_Exercise details_:
Repeat verbatim each line from the line with "Image resolution: width=953 pixels, height=1232 pixels. How" to the end of the entries. Pictures do not belong in the copy.

_Data for processing_:

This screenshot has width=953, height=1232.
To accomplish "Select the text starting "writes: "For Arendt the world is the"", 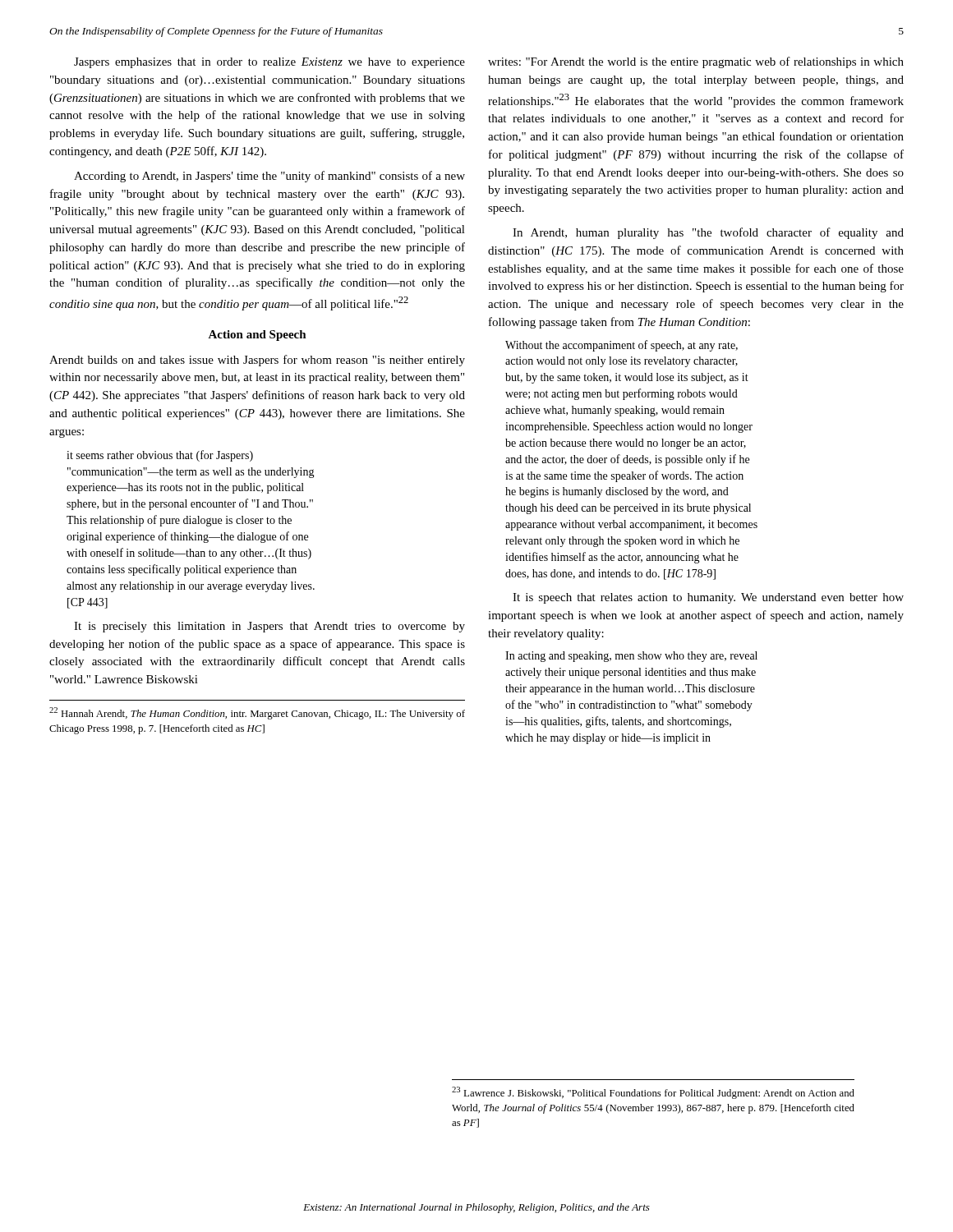I will pyautogui.click(x=696, y=135).
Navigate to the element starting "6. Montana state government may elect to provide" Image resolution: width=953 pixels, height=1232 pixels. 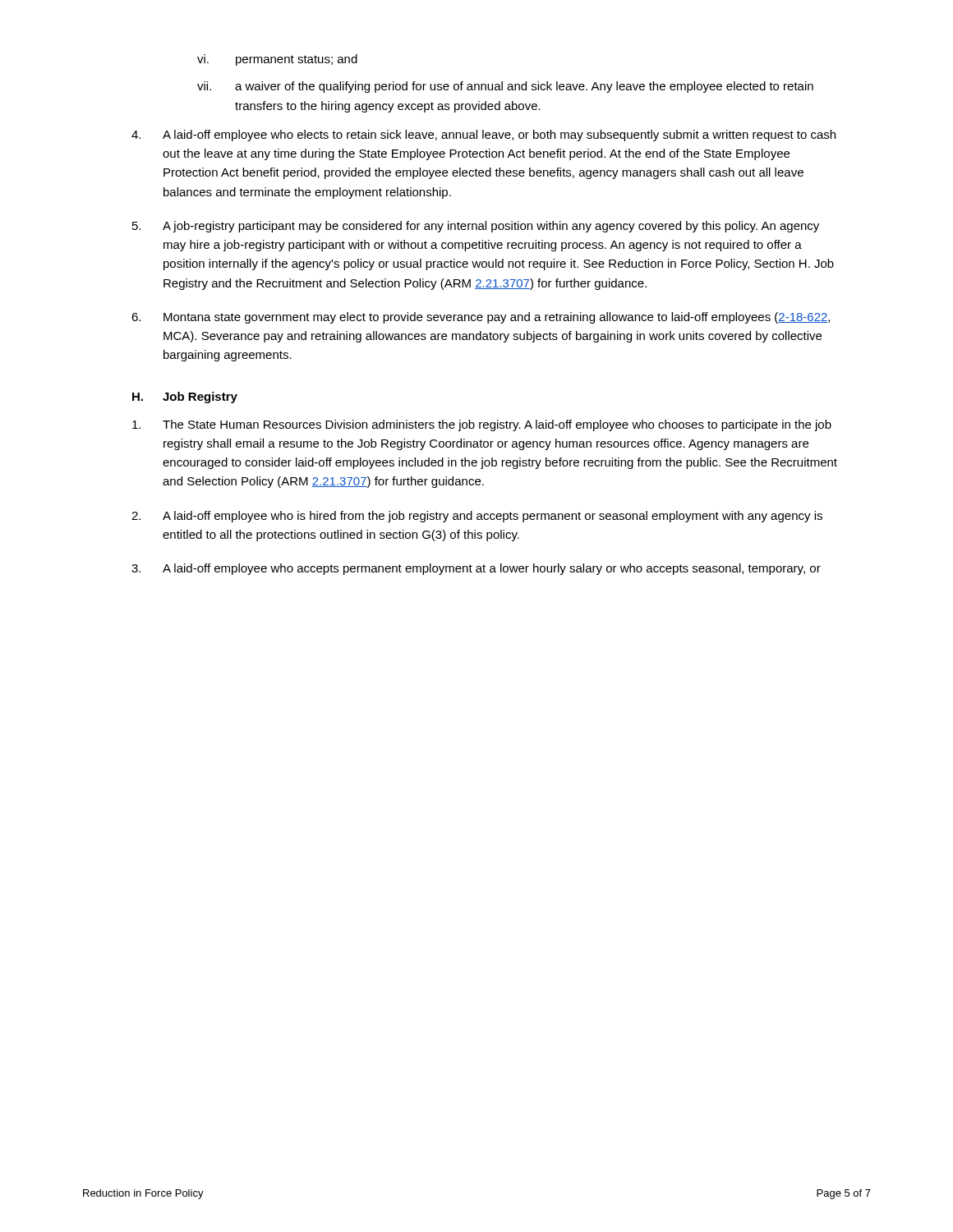[x=485, y=336]
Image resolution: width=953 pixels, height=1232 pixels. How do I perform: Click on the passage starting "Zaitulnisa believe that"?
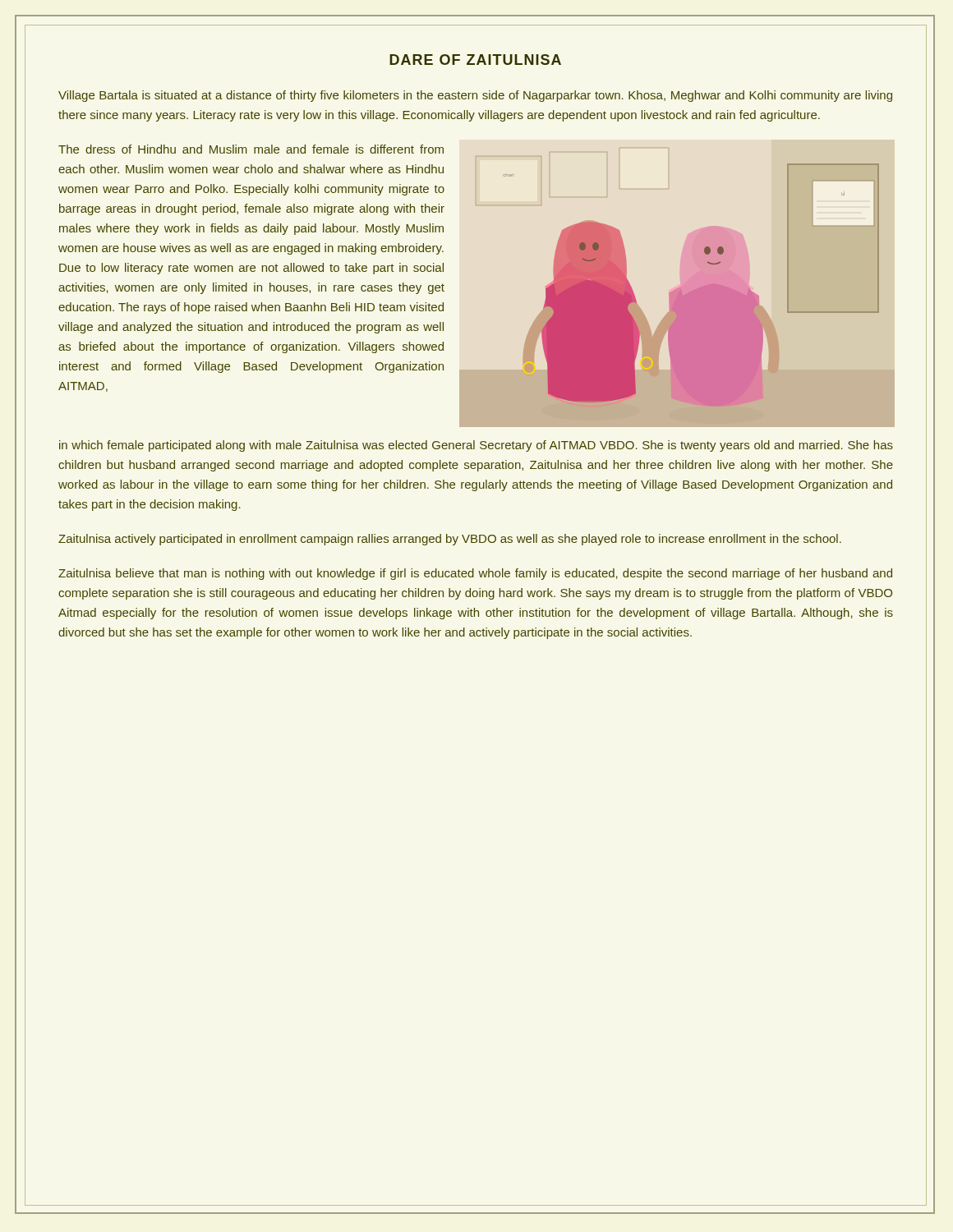pos(476,602)

_Answer space_:
Image resolution: width=953 pixels, height=1232 pixels. How do I perform: Click on the passage starting "Zaitulnisa believe that"?
pos(476,602)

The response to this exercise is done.